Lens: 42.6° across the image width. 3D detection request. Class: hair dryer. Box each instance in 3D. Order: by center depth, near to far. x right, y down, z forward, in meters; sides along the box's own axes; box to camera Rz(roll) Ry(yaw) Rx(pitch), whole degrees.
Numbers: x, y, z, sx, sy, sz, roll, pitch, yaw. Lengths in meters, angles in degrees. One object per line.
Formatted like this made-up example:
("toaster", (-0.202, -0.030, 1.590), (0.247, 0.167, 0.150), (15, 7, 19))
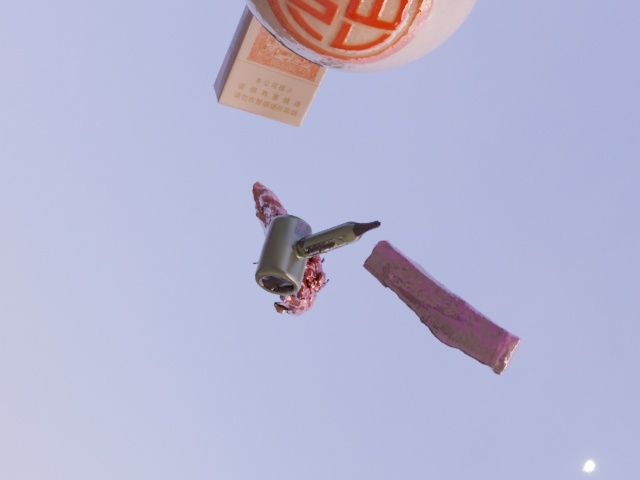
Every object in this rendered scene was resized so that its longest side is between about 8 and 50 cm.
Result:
("hair dryer", (0.000, 0.000, 0.775), (0.047, 0.071, 0.150), (34, -37, -32))

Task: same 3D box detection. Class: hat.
("hat", (-0.062, 0.034, 1.424), (0.286, 0.107, 0.237), (-141, -146, -67))

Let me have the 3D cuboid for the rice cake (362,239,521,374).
("rice cake", (0.117, 0.062, 0.814), (0.206, 0.036, 0.047), (41, -72, 43))

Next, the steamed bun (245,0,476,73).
("steamed bun", (0.036, -0.300, 0.875), (0.283, 0.177, 0.283), (7, -48, 7))

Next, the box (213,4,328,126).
("box", (-0.055, -0.274, 1.178), (0.201, 0.141, 0.058), (-61, -152, 27))

**WHAT IS NEEDED:** Which lines fall between the one containing "Formatted like this" and the last line of the listing, both included? Give them again exactly, without the pictures.

**SOLVED PROBLEM:**
Formatted like this made-up example:
("toaster", (-0.202, -0.030, 1.590), (0.247, 0.167, 0.150), (15, 7, 19))
Every object in this rendered scene was resized so that its longest side is between about 8 and 50 cm.
Result:
("hair dryer", (0.000, 0.000, 0.775), (0.047, 0.071, 0.150), (34, -37, -32))

Task: same 3D box detection. Class: hat.
("hat", (-0.062, 0.034, 1.424), (0.286, 0.107, 0.237), (-141, -146, -67))

Let me have the 3D cuboid for the rice cake (362,239,521,374).
("rice cake", (0.117, 0.062, 0.814), (0.206, 0.036, 0.047), (41, -72, 43))

Next, the steamed bun (245,0,476,73).
("steamed bun", (0.036, -0.300, 0.875), (0.283, 0.177, 0.283), (7, -48, 7))

Next, the box (213,4,328,126).
("box", (-0.055, -0.274, 1.178), (0.201, 0.141, 0.058), (-61, -152, 27))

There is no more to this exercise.